• Hoje eu fiquei com vergonha alheia. O TJE-PA absolveu o médico, empresário e ex-deputado Luiz Afonso Sefer de ter estuprado uma criancinha de 9 anos, durante quatro anos seguidos, em sua própria casa. Pior: quem assistiu à sessão teve a sensação de que a menina é que foi culpada por todo o horror que sofreu, sozinha, sem amparo da família, de ninguém, muito menos do Estado e do Judiciário. A procuradora de Justiça que representou o MP foi meramente protocolar, sequer se deu ao trabalho de fazer sustentação oral, preferindo dizer que tudo já estava nos autos e entregou todo o tempo para o ex-ministro Márcio Thomaz Bastos que, a peso de ouro – para ciúme dos defensores locais, correu à boca pequena no Fórum que Sefer pagou-lhe honorários de R$6 milhões – deitou e rolou para a plateia.
• Sefer foi condenado pela juíza Maria das Graças Alfaia Fonseca, titular da Vara Penal de Crimes Contra Crianças e Adolescentes de Belém, em 6 de junho de 2010, a 21 anos de prisão, mas hoje o algoz da menor S. B. G. foi absolvido. O relator da apelação penal, desembargador João Maroja, acolheu o argumento da defesa de – vejam só! - insuficiência de provas, apesar do farto material probante, com detalhes medonhos, atrozes, que levam às lágrimas qualquer ser humano com um mínimo de sensibilidade. O revisor, desembargador Raimundo Holanda, acompanhou seu voto. O juiz convocado Altemar da Silva Paes foi o único a divergir, votando pela manutenção da condenação. E fez questão de dizer que não violentaria sua consciência. Bravo, professor!
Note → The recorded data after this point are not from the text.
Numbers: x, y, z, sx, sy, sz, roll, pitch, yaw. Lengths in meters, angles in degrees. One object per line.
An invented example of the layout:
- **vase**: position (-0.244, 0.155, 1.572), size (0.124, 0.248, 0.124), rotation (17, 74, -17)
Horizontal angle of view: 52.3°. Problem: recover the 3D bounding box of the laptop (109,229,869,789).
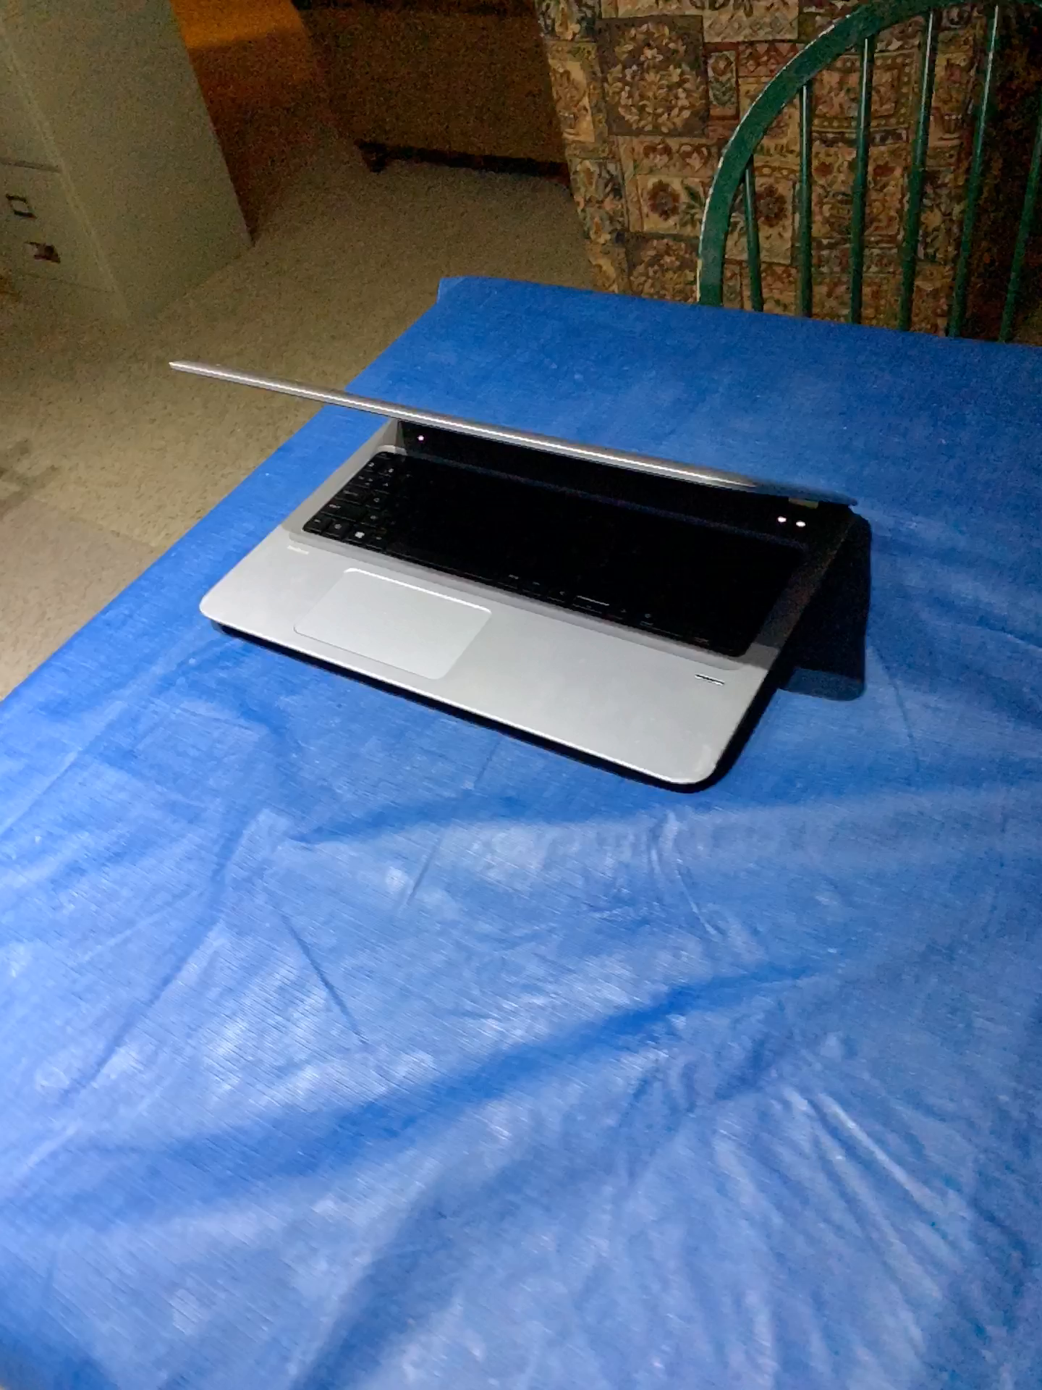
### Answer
- **laptop**: position (-0.013, -0.141, 0.663), size (0.366, 0.156, 0.254), rotation (19, 53, 27)

O senhor foi voto vencido mas fez sua parte para a aplicação da Justiça, com J maiúsculo.
• Segundo a denúncia do Ministério Público, confirmada pela sentença em 1º Grau, em meados de 2005 Sefer trouxe para Belém, do município de Mocajuba, para ser companhia de sua filha - que à época já era adolescente e nem morava com ele (!) - uma criança de 9 anos. E abusou sexualmente dela desde os primeiros dias, além de torturá-la física e psicologicamente.
• Hoje, dois dos três membros da a 3ª Câmara Criminal Isolada adotaram a tese da defesa de que a palavra da ofendida seria prova insuficiente para a condenação, que o acusado não tinha perfil psicológico de abusador e que não havia precisão sobre o período e nem a quantidade de vezes em que o abuso teria sido praticado (!).
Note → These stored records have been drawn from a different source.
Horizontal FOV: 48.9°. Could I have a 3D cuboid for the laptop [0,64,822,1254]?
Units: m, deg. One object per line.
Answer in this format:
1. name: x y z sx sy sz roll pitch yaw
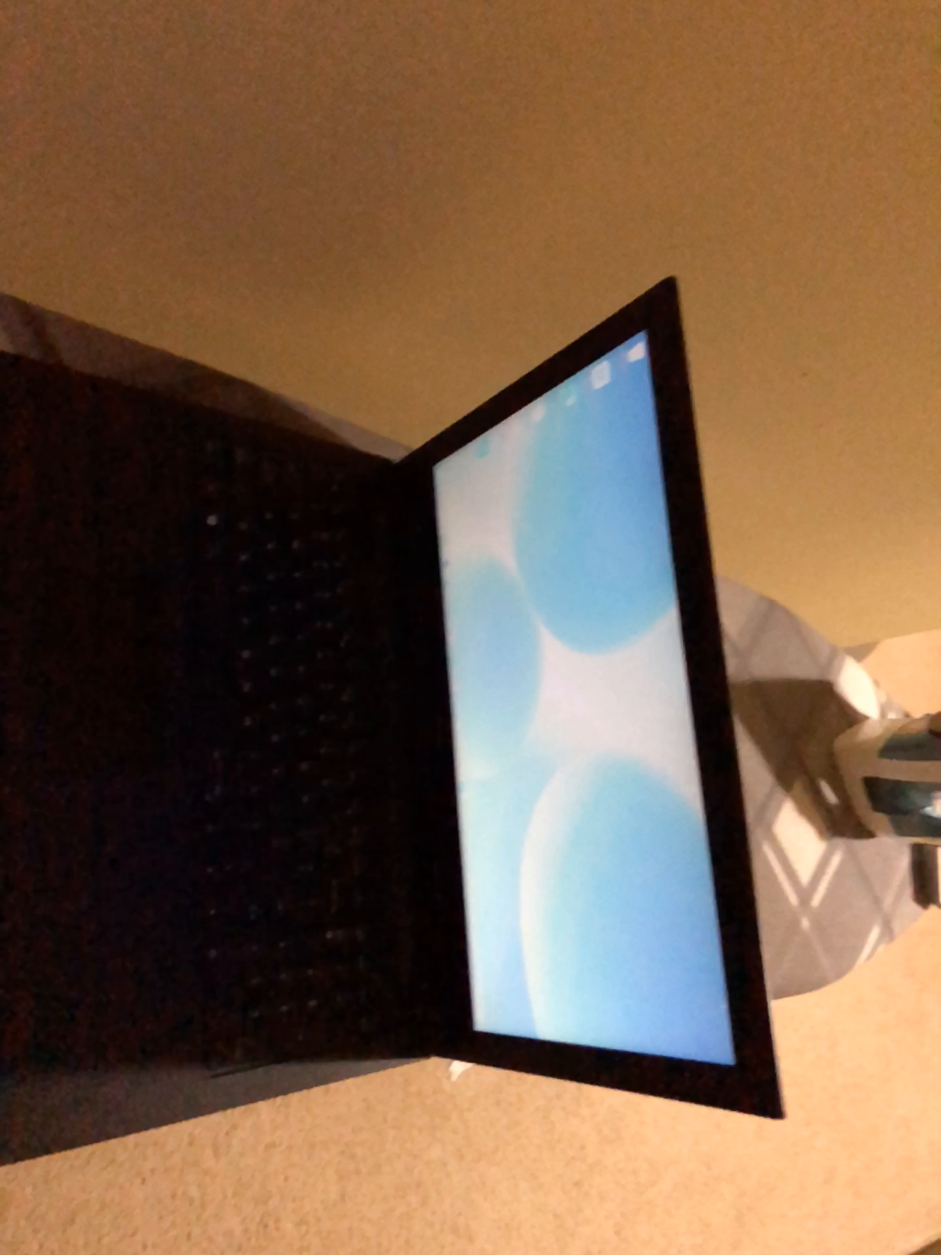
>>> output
1. laptop: -0.042 0.031 0.452 0.248 0.231 0.352 8 72 -43

• O relator acolheu todos os argumentos, e ainda destacou que o núcleo das acusações residia apenas no depoimento da vítima. Mais: invocando o princípio do "in dubio pro reo", preferiu inocentar o acusado, sendo acompanhado pelo desembargador revisor.
• A Declaração Universal dos Direitos do Homem e a Constituição Federal – ancoradas em séculos de lutas vitoriosas em busca de seu reconhecimento - preveem que todos são iguais perante a lei e têm direito, sem qualquer distinção, a igual proteção. Esse princípio forçosamente deve ser aplicado com o da proporcionalidade, a fim de que seja eficaz. Assim, têm que ser levadas em conta as diferenças e desproporções da vida e as injustiças que fatalmente resultam do mesmo tratamento a desiguais. Todo homem - e mulher, e criança - tem direito a receber dos tribunais remédio efetivo para os atos que violem direitos fundamentais.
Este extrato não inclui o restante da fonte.